(ENTRIES SHOWN Opens)

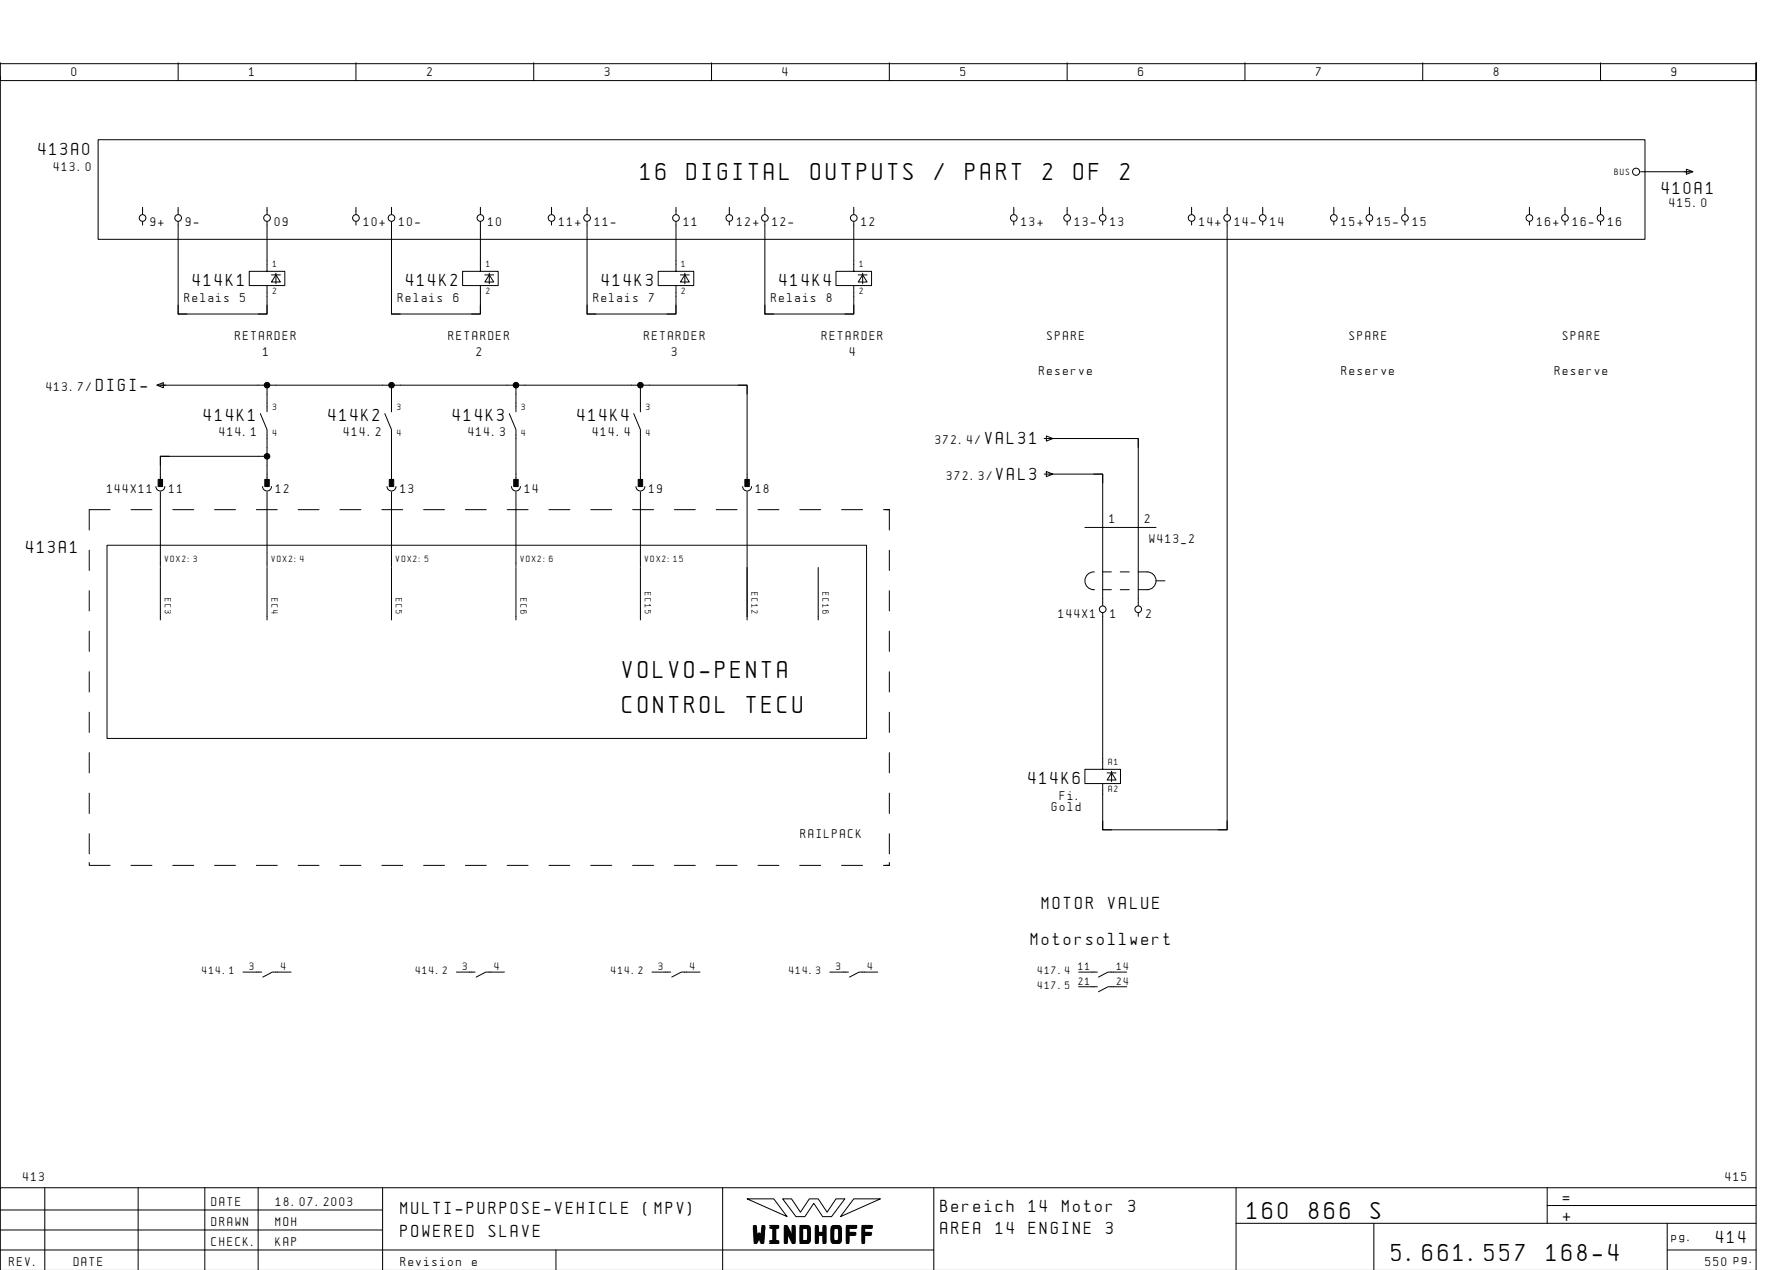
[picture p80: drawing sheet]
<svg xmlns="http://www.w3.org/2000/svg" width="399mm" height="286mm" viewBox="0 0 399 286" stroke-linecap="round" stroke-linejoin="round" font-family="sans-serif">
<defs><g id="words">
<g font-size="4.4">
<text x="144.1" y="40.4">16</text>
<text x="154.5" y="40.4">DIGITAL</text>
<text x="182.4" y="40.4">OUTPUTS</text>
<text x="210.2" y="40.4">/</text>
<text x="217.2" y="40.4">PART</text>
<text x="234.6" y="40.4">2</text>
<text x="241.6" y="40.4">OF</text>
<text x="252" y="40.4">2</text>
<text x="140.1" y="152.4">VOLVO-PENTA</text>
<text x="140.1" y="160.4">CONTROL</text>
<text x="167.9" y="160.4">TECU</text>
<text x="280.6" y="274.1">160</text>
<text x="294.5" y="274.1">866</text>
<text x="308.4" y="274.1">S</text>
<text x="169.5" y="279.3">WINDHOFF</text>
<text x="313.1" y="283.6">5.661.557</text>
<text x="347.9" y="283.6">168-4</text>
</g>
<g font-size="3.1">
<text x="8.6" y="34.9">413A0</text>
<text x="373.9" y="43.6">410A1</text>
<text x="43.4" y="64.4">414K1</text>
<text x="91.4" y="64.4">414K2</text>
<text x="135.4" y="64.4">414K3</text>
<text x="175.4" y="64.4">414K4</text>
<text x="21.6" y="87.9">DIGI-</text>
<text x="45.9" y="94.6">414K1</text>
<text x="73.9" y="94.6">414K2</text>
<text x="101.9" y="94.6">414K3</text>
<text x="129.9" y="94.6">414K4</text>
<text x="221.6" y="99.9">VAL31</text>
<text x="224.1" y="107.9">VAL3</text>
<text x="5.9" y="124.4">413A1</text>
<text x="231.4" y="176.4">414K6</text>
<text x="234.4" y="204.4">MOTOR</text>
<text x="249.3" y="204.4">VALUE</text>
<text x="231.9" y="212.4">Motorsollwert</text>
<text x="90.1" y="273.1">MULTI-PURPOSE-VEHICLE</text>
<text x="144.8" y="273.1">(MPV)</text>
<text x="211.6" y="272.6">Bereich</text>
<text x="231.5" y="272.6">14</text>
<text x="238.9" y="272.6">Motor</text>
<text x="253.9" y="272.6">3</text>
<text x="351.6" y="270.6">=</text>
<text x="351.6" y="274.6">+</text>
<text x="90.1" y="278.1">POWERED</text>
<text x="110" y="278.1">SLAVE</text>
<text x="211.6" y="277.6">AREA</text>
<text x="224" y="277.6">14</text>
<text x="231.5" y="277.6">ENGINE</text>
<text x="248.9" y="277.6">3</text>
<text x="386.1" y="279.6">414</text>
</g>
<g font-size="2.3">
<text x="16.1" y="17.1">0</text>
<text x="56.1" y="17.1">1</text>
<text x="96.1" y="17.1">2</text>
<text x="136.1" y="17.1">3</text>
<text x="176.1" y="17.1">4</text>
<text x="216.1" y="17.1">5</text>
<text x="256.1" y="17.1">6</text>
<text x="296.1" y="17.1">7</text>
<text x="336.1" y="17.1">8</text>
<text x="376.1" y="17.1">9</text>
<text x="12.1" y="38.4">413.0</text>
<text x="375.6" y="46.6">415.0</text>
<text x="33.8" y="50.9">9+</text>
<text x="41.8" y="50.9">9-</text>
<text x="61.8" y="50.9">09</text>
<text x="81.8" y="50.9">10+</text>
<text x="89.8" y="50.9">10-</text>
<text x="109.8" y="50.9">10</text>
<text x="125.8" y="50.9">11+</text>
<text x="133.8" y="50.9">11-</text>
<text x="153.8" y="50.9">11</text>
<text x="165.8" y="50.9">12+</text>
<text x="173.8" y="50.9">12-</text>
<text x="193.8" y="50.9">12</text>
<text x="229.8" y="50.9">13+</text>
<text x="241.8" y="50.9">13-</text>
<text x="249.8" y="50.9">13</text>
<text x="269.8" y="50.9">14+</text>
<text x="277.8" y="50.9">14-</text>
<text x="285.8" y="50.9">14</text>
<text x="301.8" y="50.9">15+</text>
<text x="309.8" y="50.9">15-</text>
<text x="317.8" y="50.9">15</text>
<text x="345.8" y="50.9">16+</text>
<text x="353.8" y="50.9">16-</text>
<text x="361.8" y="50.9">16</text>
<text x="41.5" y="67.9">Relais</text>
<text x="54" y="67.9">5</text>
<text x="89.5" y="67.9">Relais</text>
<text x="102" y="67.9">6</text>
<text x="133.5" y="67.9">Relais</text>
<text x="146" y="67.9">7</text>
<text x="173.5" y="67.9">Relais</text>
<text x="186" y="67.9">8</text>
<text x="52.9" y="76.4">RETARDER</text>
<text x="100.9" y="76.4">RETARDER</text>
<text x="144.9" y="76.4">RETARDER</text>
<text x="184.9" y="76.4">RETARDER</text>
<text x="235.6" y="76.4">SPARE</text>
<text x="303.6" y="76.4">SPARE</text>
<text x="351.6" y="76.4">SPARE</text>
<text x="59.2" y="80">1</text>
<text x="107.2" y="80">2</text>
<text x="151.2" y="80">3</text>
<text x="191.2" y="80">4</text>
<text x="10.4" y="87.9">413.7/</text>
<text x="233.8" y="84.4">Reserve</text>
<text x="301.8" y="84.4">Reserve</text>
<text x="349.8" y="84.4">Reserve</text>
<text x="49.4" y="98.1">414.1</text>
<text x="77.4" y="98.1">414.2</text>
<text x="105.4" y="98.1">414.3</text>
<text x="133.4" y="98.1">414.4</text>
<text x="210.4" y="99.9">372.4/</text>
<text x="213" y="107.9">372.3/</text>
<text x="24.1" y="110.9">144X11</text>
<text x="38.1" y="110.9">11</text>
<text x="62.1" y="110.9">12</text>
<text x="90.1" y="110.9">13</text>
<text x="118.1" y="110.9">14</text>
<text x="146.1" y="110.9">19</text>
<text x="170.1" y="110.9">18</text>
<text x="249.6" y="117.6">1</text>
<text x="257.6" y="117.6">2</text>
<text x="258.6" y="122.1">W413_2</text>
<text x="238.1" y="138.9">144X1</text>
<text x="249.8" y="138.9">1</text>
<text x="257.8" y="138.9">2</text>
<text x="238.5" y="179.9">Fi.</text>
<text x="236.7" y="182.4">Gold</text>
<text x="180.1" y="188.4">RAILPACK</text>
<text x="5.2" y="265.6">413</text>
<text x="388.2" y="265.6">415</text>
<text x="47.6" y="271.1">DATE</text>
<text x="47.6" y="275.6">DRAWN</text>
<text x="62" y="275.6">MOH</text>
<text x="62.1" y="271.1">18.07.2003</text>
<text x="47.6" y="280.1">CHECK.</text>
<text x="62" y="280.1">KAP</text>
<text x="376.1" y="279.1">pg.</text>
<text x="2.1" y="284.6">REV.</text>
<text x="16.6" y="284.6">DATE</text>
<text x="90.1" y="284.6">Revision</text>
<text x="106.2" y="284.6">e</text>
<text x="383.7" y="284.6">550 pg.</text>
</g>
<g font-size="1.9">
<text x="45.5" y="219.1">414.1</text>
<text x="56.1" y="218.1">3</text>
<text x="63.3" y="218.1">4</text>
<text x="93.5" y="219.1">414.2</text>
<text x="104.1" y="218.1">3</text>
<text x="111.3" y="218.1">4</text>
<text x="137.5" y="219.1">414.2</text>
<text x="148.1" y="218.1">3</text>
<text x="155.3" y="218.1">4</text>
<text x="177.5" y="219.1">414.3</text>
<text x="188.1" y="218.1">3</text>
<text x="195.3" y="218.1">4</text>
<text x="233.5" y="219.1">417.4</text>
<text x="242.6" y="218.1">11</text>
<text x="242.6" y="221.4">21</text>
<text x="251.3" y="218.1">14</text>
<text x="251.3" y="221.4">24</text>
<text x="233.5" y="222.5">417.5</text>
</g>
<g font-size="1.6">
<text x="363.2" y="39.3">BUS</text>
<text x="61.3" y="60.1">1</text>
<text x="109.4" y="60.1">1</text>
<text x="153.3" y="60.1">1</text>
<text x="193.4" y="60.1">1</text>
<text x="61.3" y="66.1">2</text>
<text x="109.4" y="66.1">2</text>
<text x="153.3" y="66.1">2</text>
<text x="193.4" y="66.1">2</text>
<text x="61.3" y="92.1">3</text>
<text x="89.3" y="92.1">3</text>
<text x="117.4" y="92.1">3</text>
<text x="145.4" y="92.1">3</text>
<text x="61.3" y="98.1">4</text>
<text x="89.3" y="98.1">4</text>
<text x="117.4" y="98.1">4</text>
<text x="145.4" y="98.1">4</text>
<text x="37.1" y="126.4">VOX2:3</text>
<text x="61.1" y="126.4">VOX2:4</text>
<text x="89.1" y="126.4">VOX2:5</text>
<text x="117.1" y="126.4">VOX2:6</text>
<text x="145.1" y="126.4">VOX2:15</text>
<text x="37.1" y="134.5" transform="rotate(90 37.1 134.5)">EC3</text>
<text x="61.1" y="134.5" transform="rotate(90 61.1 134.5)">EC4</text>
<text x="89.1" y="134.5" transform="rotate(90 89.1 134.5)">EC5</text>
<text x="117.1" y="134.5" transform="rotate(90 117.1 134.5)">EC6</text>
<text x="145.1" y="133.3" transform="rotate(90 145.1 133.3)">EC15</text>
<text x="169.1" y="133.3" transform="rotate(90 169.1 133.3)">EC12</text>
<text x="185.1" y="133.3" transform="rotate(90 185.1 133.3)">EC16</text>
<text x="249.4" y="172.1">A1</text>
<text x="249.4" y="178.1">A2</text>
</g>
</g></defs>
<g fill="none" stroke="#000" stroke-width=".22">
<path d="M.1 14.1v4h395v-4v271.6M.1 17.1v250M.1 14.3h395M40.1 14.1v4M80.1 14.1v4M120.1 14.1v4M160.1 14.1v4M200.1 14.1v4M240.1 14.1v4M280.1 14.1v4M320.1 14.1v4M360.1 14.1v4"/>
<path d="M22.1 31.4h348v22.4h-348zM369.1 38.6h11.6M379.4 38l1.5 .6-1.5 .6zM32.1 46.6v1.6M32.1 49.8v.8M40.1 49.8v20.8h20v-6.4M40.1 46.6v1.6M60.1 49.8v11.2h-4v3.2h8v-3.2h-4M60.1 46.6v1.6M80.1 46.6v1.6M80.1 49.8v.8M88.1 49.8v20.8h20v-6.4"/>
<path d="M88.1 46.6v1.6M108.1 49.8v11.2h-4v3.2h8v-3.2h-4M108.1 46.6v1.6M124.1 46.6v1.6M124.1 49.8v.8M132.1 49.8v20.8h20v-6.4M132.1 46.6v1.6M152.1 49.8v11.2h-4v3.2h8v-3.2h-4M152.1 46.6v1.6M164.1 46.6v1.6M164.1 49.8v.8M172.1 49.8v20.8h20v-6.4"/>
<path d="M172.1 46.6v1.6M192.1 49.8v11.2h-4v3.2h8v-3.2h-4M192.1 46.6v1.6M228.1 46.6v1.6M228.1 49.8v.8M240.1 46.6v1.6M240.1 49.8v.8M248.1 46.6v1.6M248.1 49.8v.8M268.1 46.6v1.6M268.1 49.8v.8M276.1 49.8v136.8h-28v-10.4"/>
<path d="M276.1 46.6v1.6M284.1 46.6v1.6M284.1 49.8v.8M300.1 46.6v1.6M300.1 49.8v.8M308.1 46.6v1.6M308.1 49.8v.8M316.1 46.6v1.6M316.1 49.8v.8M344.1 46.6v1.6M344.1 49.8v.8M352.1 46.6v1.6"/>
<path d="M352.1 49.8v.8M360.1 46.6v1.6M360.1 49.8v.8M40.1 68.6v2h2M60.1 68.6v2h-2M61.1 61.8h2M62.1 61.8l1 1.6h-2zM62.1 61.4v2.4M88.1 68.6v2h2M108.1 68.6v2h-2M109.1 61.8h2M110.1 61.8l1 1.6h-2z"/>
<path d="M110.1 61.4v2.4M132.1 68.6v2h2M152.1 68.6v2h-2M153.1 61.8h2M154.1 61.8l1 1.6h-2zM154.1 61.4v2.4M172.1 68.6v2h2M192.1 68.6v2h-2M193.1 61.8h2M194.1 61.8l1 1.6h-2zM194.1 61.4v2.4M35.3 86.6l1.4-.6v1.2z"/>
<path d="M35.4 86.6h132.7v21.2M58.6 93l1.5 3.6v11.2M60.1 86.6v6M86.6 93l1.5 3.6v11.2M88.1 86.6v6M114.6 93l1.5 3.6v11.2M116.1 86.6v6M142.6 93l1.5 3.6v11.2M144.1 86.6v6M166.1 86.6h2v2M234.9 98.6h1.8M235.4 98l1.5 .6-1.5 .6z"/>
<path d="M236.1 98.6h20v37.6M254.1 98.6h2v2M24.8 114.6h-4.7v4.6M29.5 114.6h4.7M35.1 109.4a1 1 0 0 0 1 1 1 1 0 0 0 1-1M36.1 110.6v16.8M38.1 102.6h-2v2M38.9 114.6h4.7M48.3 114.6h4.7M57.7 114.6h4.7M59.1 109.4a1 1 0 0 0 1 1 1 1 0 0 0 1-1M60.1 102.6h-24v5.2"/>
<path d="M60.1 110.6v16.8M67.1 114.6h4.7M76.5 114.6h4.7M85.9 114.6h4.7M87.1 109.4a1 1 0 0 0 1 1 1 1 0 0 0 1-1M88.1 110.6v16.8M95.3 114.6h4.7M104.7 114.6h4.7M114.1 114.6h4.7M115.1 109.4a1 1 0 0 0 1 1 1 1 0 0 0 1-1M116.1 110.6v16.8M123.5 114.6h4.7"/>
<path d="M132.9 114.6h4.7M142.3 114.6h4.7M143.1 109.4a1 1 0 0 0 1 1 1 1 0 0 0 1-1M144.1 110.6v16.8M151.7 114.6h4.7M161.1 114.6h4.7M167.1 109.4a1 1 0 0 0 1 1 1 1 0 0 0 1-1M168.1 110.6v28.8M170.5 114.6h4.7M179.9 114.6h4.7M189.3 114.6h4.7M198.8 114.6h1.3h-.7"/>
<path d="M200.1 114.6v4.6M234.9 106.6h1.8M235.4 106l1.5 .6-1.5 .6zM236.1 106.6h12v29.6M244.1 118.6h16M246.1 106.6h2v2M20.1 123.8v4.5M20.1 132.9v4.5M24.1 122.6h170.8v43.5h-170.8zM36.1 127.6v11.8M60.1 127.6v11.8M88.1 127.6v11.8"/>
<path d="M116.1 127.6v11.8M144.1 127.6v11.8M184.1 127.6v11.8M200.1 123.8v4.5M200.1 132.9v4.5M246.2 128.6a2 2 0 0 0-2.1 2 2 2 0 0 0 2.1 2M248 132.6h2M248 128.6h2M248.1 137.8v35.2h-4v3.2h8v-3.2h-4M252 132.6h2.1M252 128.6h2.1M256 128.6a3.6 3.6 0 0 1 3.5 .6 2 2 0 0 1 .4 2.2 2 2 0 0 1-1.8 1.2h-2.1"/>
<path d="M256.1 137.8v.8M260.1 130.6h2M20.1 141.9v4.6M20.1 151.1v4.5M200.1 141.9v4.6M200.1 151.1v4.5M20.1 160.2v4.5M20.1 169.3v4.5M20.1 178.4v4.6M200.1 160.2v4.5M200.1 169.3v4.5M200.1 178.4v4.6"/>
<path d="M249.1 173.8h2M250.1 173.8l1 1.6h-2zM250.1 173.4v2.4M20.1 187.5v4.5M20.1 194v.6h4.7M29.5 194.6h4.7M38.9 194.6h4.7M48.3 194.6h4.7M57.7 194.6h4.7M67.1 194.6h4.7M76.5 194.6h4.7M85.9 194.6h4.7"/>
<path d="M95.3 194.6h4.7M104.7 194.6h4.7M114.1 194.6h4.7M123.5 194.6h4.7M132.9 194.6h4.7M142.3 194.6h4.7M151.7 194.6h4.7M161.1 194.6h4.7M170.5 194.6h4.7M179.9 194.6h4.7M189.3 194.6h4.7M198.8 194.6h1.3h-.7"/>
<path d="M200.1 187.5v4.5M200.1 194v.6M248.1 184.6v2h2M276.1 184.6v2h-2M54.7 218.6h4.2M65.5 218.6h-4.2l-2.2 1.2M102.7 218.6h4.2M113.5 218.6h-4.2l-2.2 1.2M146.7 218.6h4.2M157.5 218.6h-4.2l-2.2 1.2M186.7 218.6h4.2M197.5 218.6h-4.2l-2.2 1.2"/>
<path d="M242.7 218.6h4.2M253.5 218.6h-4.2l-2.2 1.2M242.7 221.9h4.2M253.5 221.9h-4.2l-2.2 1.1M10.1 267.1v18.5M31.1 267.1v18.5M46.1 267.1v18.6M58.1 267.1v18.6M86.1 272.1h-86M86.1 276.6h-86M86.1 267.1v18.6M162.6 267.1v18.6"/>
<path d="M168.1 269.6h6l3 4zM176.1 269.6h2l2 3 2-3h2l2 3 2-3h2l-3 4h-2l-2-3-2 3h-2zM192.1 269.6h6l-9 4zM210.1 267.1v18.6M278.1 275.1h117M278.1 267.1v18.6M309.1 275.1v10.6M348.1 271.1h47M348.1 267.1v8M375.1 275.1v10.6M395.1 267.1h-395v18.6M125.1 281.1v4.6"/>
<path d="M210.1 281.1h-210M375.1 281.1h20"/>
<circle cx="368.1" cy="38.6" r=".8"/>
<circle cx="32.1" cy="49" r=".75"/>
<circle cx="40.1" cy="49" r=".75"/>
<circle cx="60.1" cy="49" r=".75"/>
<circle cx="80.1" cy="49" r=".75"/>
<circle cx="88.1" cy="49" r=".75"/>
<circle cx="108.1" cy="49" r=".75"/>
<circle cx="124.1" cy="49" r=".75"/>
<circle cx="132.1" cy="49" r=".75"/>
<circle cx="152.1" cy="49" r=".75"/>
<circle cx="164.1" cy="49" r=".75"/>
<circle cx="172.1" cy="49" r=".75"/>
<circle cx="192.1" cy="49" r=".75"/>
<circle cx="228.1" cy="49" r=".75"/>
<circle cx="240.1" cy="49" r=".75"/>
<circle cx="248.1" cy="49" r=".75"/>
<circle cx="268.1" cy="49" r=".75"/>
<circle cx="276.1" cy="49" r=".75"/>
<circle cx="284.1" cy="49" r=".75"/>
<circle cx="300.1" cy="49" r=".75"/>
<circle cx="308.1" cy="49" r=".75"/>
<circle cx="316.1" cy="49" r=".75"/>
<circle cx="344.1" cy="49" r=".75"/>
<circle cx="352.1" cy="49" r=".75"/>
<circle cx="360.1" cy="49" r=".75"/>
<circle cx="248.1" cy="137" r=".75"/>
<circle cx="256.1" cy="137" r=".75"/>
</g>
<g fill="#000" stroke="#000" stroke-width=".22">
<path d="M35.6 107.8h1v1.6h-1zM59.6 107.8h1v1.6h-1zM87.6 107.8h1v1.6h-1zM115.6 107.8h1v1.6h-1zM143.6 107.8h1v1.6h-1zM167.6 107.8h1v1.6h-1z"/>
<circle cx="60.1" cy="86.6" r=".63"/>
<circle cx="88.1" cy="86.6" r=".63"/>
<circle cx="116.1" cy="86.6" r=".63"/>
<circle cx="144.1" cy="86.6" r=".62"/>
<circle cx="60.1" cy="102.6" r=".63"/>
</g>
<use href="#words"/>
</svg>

(ENTRIES SHOWN Closes)

### EXERCISE PROMPT
Please filter the data down to the lines containing the word "DATE".

### OUTPUT BELOW
<text x="47.6" y="271.1">DATE</text>
<text x="16.6" y="284.6">DATE</text>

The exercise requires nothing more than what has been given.